The Millennial Worldview

pexels-photo-745045Millennials are the worst…
At least that is the sentiment of many who are not part of the Millennial generation. But is that truly a fair assessment.
Many of my days are spent in coffeehouses and restaurants writing, studying, or developing tools. There is always a low roar of noise in the background around me as I work, but I am able to ignore it most of the time. There is one conversation that consistently draws me back into an awareness of the room around me, and the topic swirls around the disruption Millennials are causing in every aspect of life.
As any generation, Millennials are products of the world around them, and in their case, the world we have created for them. If you are a member of the Baby Boomer generation or Generation X, you are the architects of the world the Millennials were born into, the parents who raised them, and the bosses who have employed them. It is their interactions with us that have shaped their perspective on the world, their understanding of themselves, and their mission of life. We have been responsible for Millennials from the day they were born, and now that they are becoming independent individuals who are able to make their own choices, lead others, and shape the world, the rest of us are getting uneasy and critical. We use words like ‘entitled’, self-involved’, ‘socially detached’, ‘lazy’, and other derogatory words that express our frustration with how they are choosing to live their lives. Somehow in the midst of our frustration, we are also forgetting it was our choices to parent them the way we did, teach them the way we did, and challenge them the way we did that helped make them how they are.
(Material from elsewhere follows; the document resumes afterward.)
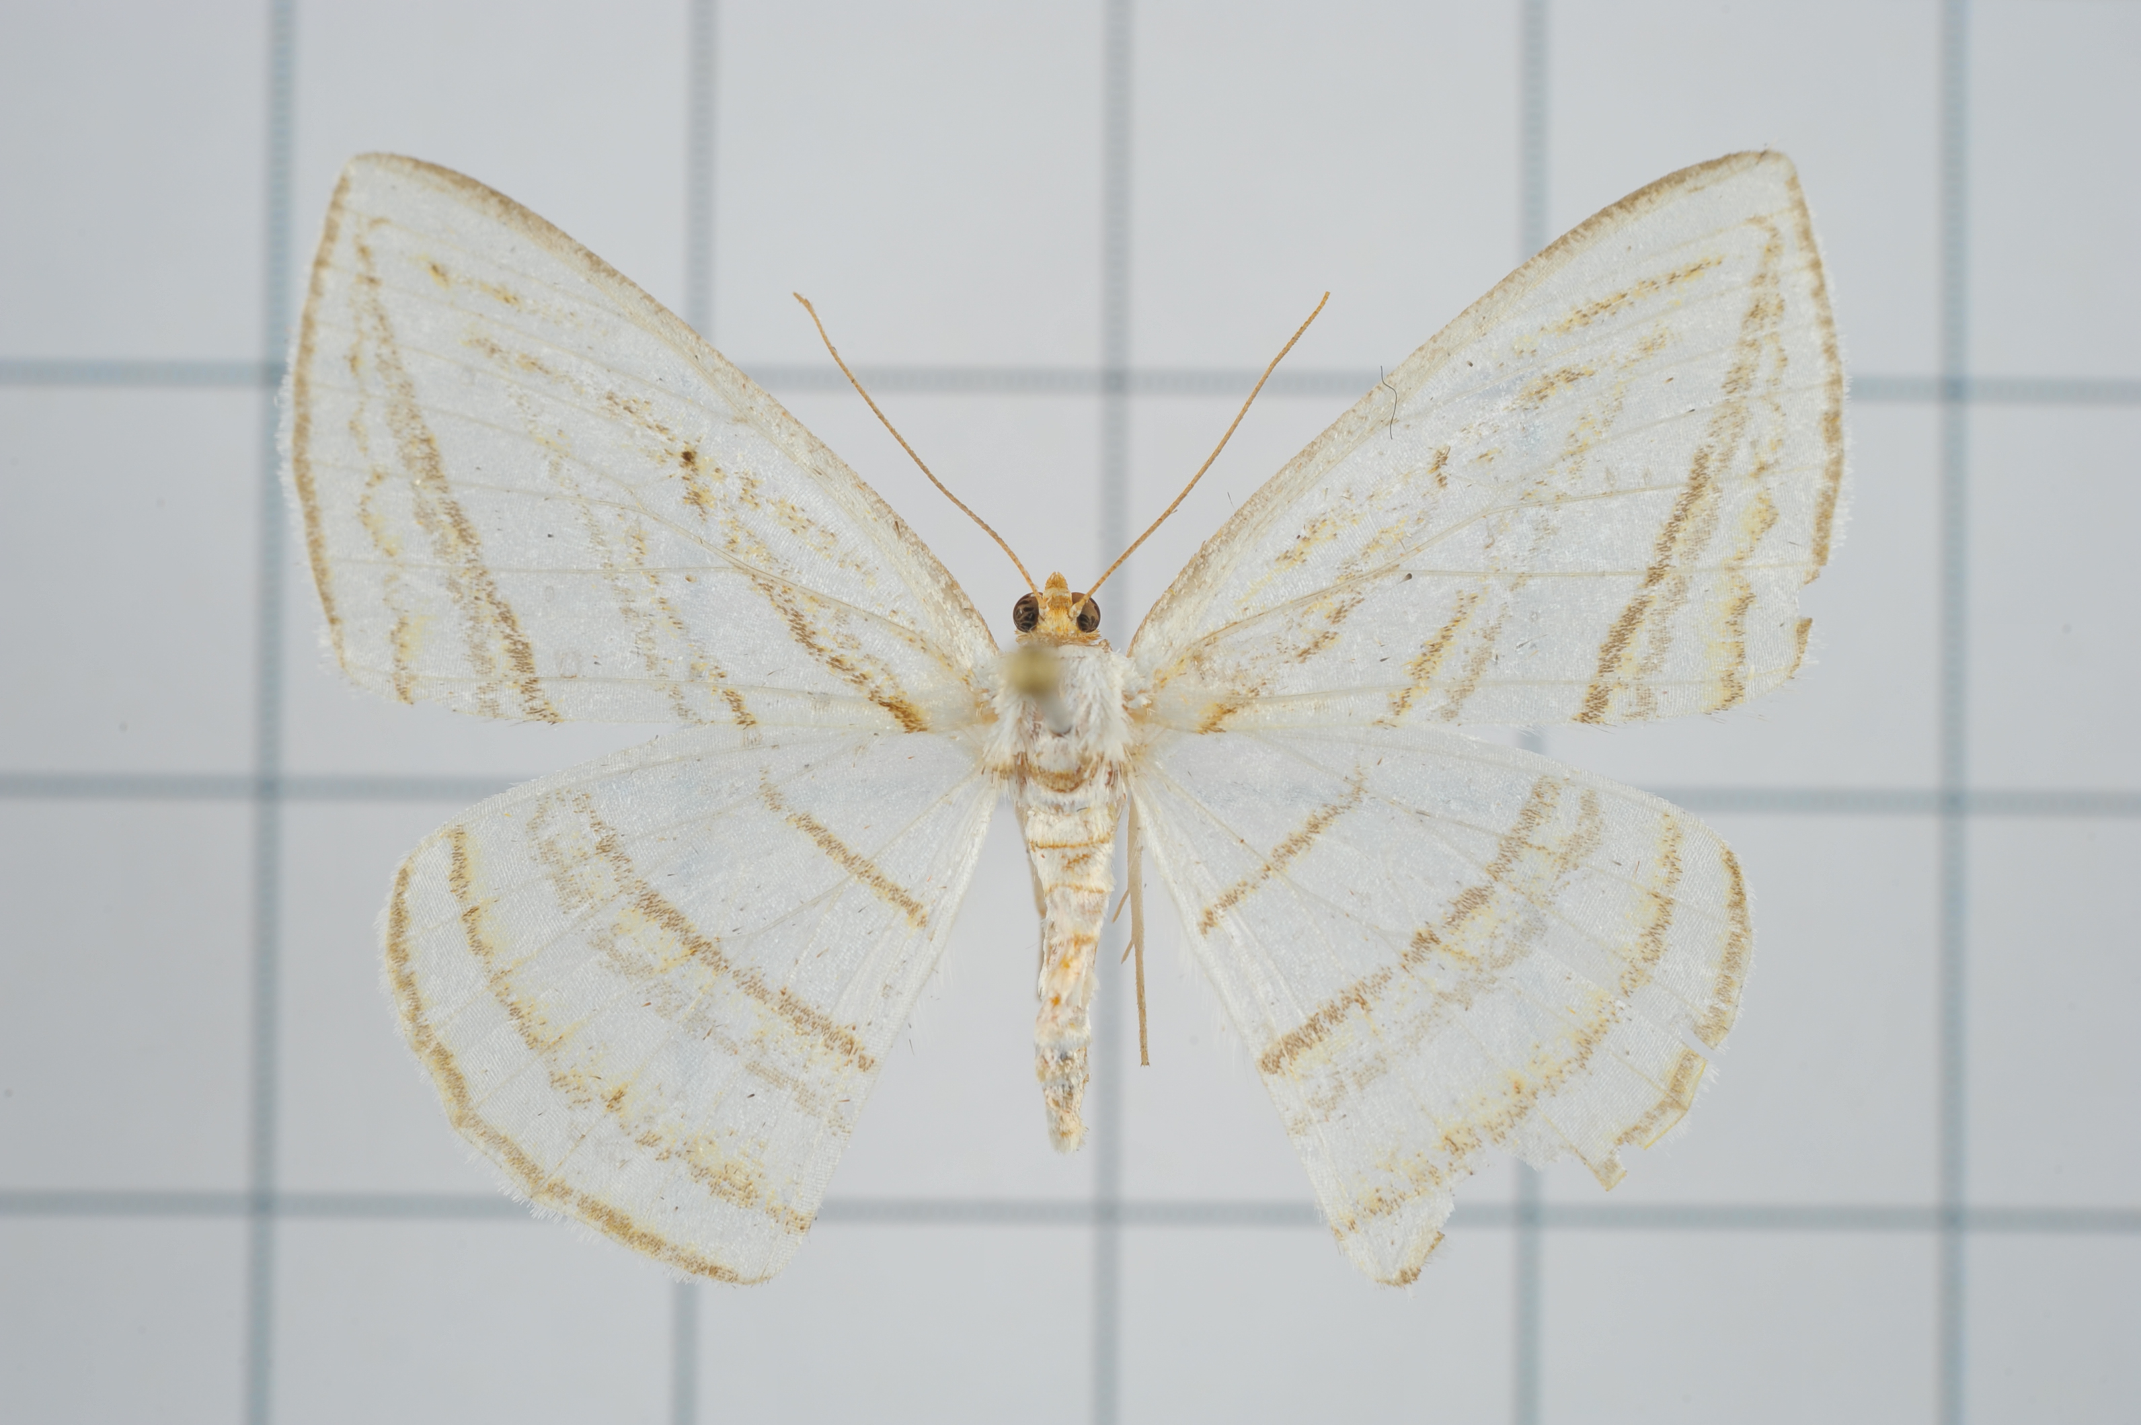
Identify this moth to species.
Orthocabera sericea sericea
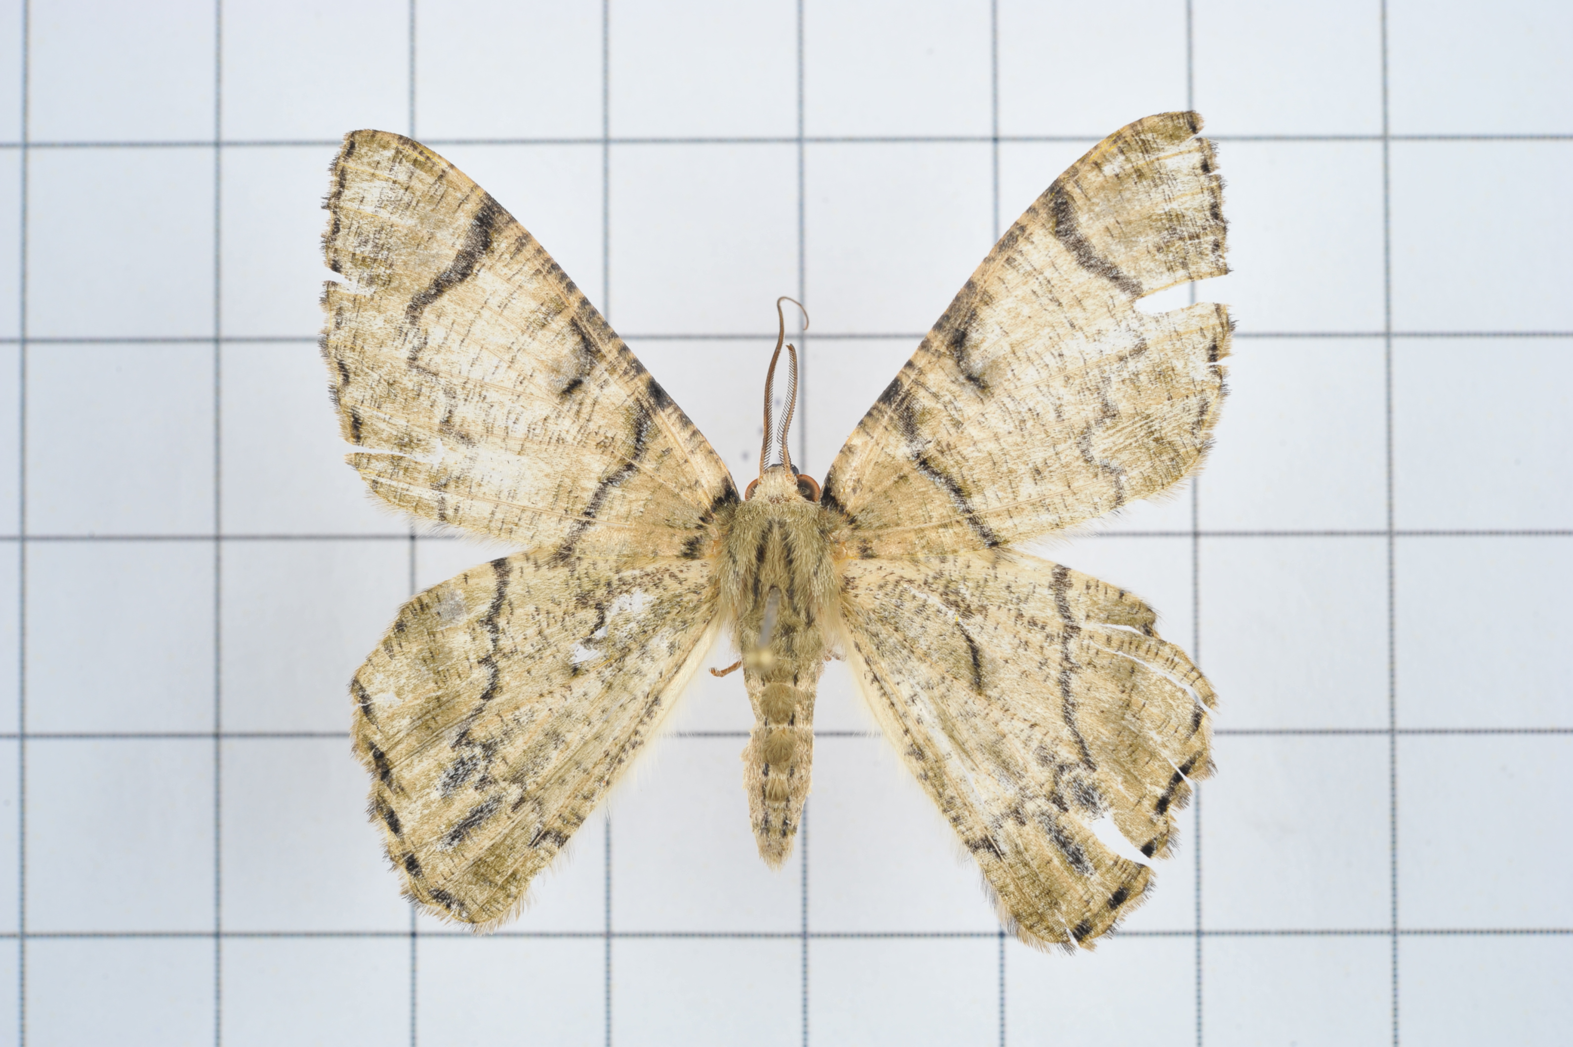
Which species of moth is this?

Now to be fair, there are major national and global events, phenomenons, and realities that also developed the worldview of Millennials, so it isn’t our fault as their predecessors. I would argue, the experiences of their childhood and upbringing coupled with the events of the world around them shaped them to be exactly who they needed to be to lead in the future that is coming. The difficulty is that we want them to act and behave to function in the world we grew up in and built our successes upon. That world is fading quickly and the future realities that are staring us down are threatening to shift us Boomers and Xers right into obscurity. Unless…
We have an opportunity to prepare now to lead in the coming future. Our leadership models and methods need to adapt and change, and I would suspect many of us feel that reality already. The answers for us are going to come from a very unlikely source, and some of us may have a hard time accepting it as a valid source, but our answers are going to come from Millennials themselves.
In the coming posts, we are going to be exploring how the worldview of Millennials that has been shaped by Boomers and Xers is shaping the future all of us are going to live in. As leaders, it is important for us to sit up and take notice, because the answers we are looking for may be right in front of us in the frustrating behavior of a Millennial.